If I rise on the wings of the dawn,
if I settle on the far side of the sea,
even there your hand will guide me,
your right hand will hold me fast.”
Psalm 139:7-10
That’s a pretty wonderful theme. Do I need bother sharing the others? This one . . . it’s what matters most.
It was a year of trials but God is faithful.
There was still much joy because of God.
He is the source of our JOY.
His Spirit dwells within me.
He’s always present.
Immanuel, God with us.
My cup runneth over.
It is well with my soul.
At the same time, I find myself somewhat melancholy as the New Year approaches.
I find myself stuck between two new normals: the new normal I found without my husband and the new normal I teeter-totter on with him now home.
The season of waiting continues on. I am waiting for God to reveal His plans. He might be waiting for me to move.

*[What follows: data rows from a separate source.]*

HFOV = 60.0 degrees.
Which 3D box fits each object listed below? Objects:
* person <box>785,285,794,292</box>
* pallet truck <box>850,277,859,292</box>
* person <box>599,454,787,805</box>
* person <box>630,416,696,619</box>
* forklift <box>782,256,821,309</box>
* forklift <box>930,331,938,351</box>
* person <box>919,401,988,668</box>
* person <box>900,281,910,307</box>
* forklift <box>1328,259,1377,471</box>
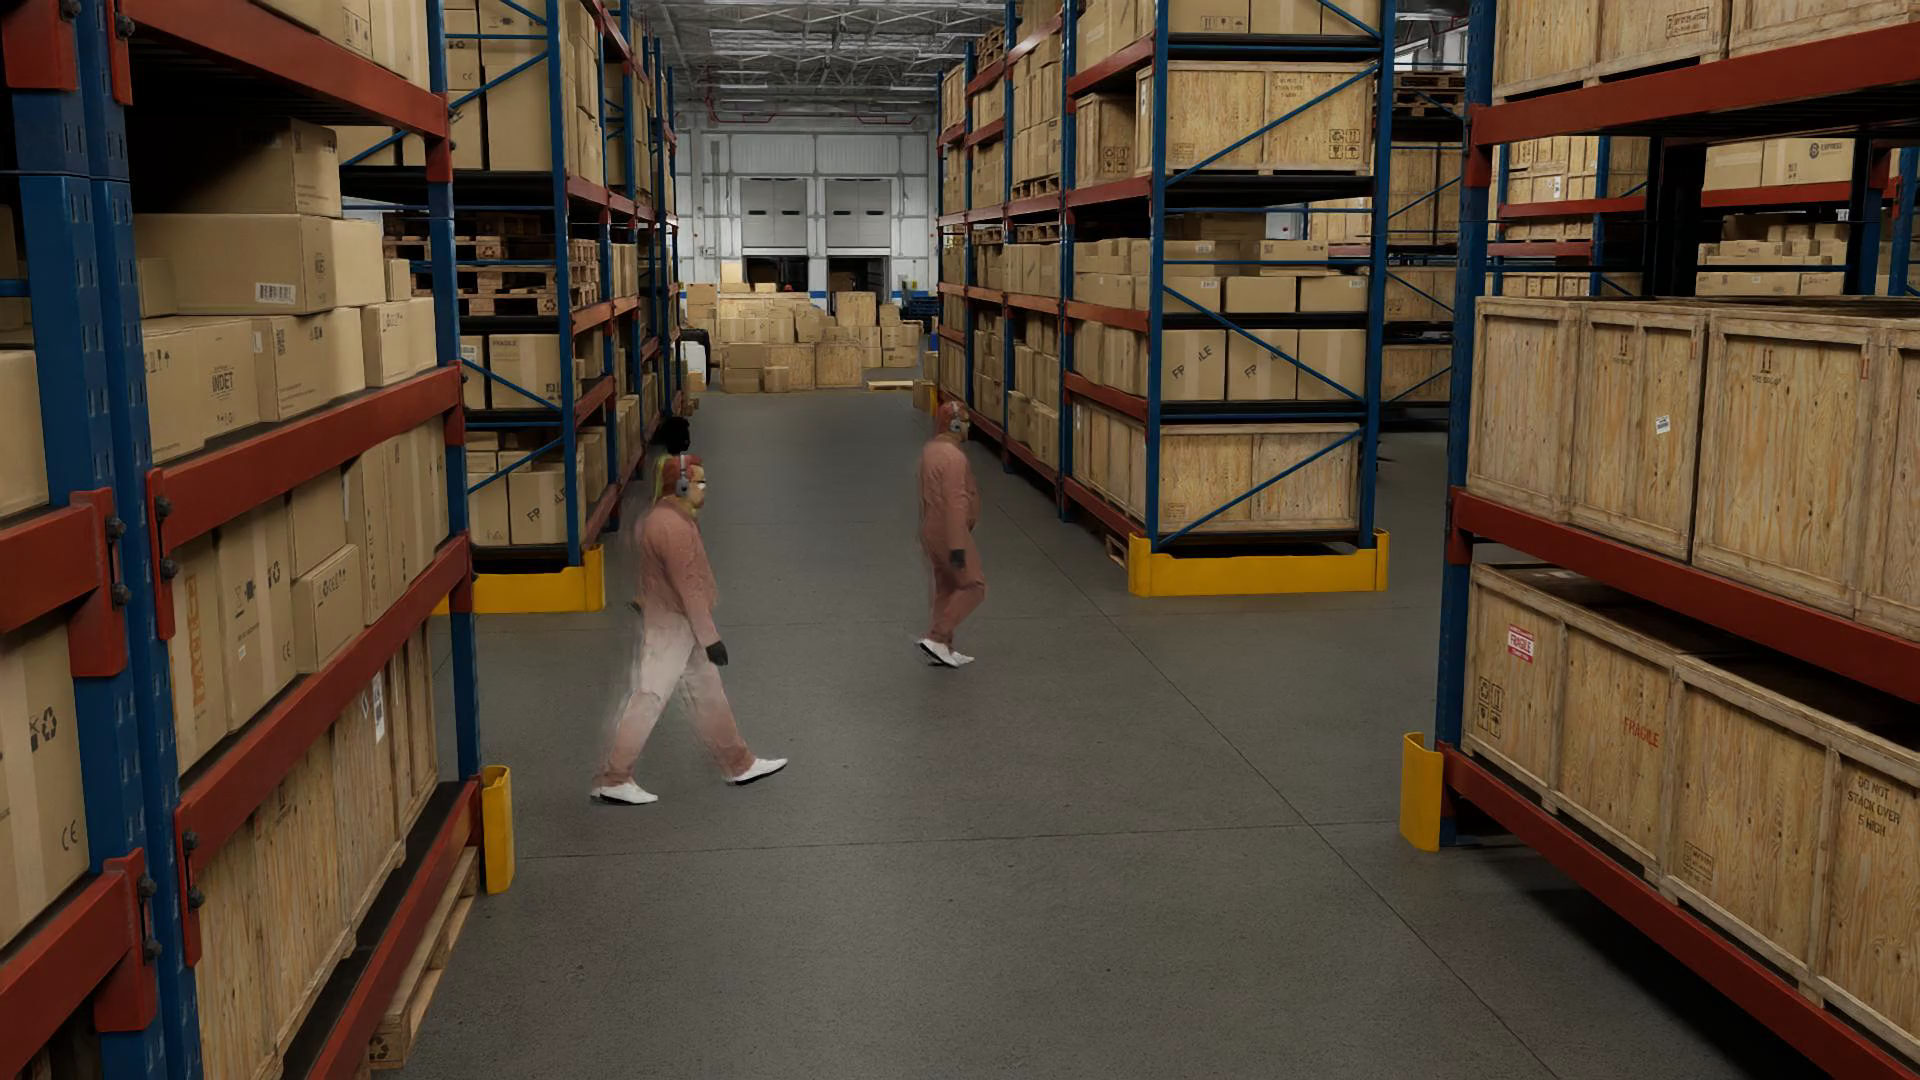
[{"bbox_3d":[-5.435,-7.230,53.470,0.831,1.904,0.579,-2,10,-9],"label":"person"},{"bbox_3d":[-3.782,-9.391,65.808,1.885,1.965,0.823,2,10,10],"label":"pallet truck"},{"bbox_3d":[-1.461,0.475,8.807,1.013,1.852,0.659,-1,10,-9],"label":"person"},{"bbox_3d":[-2.188,-0.097,12.590,0.516,1.684,0.550,-3,10,-16],"label":"person"},{"bbox_3d":[-5.849,-8.759,59.557,1.129,2.768,1.873,-6,12,-33],"label":"forklift"},{"bbox_3d":[0.242,-5.144,38.515,1.129,2.768,1.873,-8,13,-39],"label":"forklift"},{"bbox_3d":[-0.043,-0.025,11.591,0.434,1.887,0.667,-3,10,-16],"label":"person"},{"bbox_3d":[-1.989,-8.834,62.842,0.827,1.917,0.637,-4,11,-24],"label":"person"},{"bbox_3d":[4.845,-2.410,22.595,1.129,2.768,1.873,-1,10,-7],"label":"forklift"}]
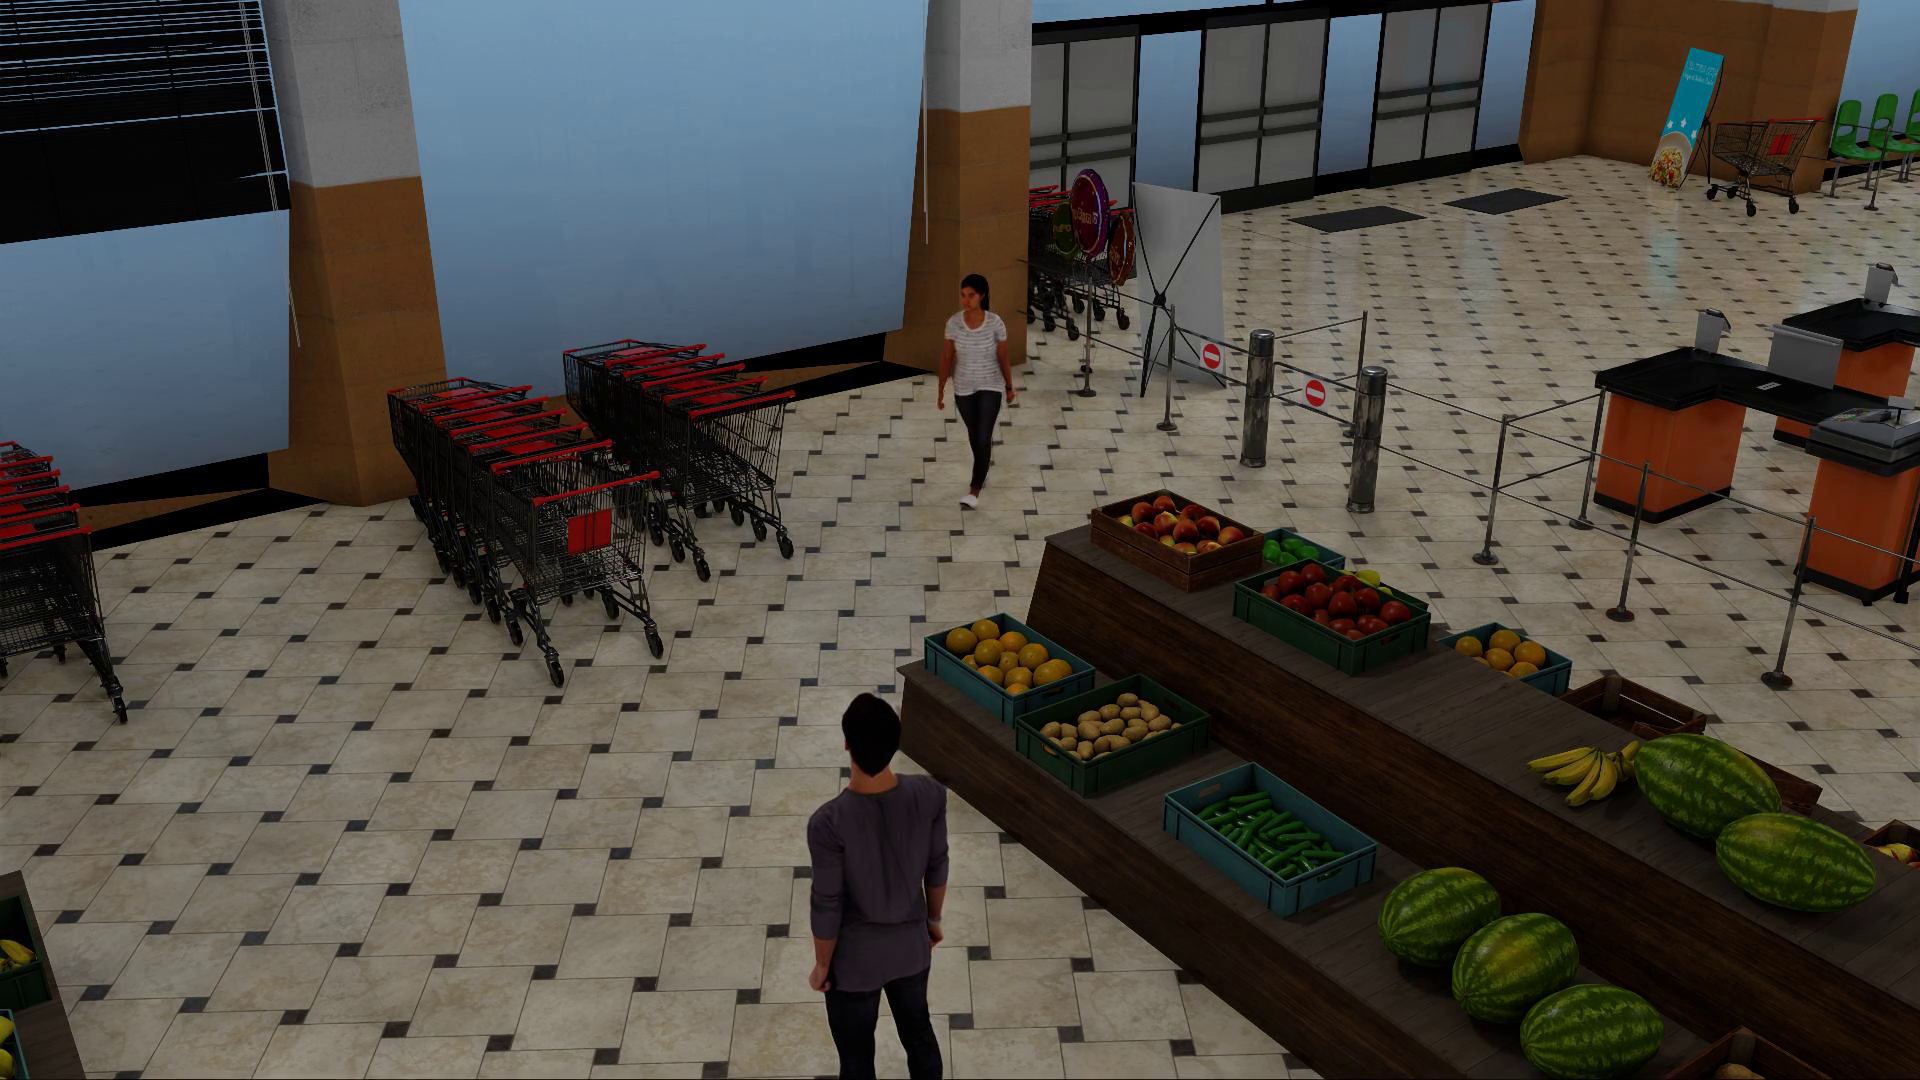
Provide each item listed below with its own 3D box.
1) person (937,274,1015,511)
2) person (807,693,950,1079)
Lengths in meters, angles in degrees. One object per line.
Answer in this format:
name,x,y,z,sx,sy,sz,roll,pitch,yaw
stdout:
person,0.152,-1.049,11.498,1.085,1.597,1.048,8,25,18
person,-0.273,1.364,5.664,0.685,1.853,0.558,-13,27,-28

My mind is a jumbled mess. It feels a bit like pieces of a jigsaw puzzle scattered about and I have never been good with puzzles. I cannot stay focused long enough to make the first move.
I need to give God more credit for the way He moves.
He's revealing where change is needed.
Some things will stay the same.
But mostly God’s in the business of transformation.
And He does not work on my time schedule.
He has His own and it’s far better than mine.
My previous new normal included lots of time and space for writing and connecting. I grew as a writer. I believe our friendship grew too. I hope you see me as someone who sees you and someone who shows up. I hope you know you can count on me.
I desire less and less time on social media these days though.
I want God.
I want time with my husband.
I want time with my family.
I want time with friends . . . more tangible connections.
I want time just to be.
But I miss connecting with you too.
I am trying to find a balance.
And I still want to create. Oh, how I want to create.
The waiting happens here because I sense the creating will be different.
Donald Miller tells us in his new series, Start Life Over, that we are designed to change. He writes, “Every healthy thing God created changes.”
I realize I’m not so much between two new normal; I am still navigating to a new normal. I am changing.
This is okay.
God is changing me.
And I’m glad.
Not really the post I intended to write to wrap up 2014 but God’s ways are always greater. How great is our God!
Happy New Year, friends.
“Live full lives, full in the fullness of God.” (Ephesians 3:19 MSG)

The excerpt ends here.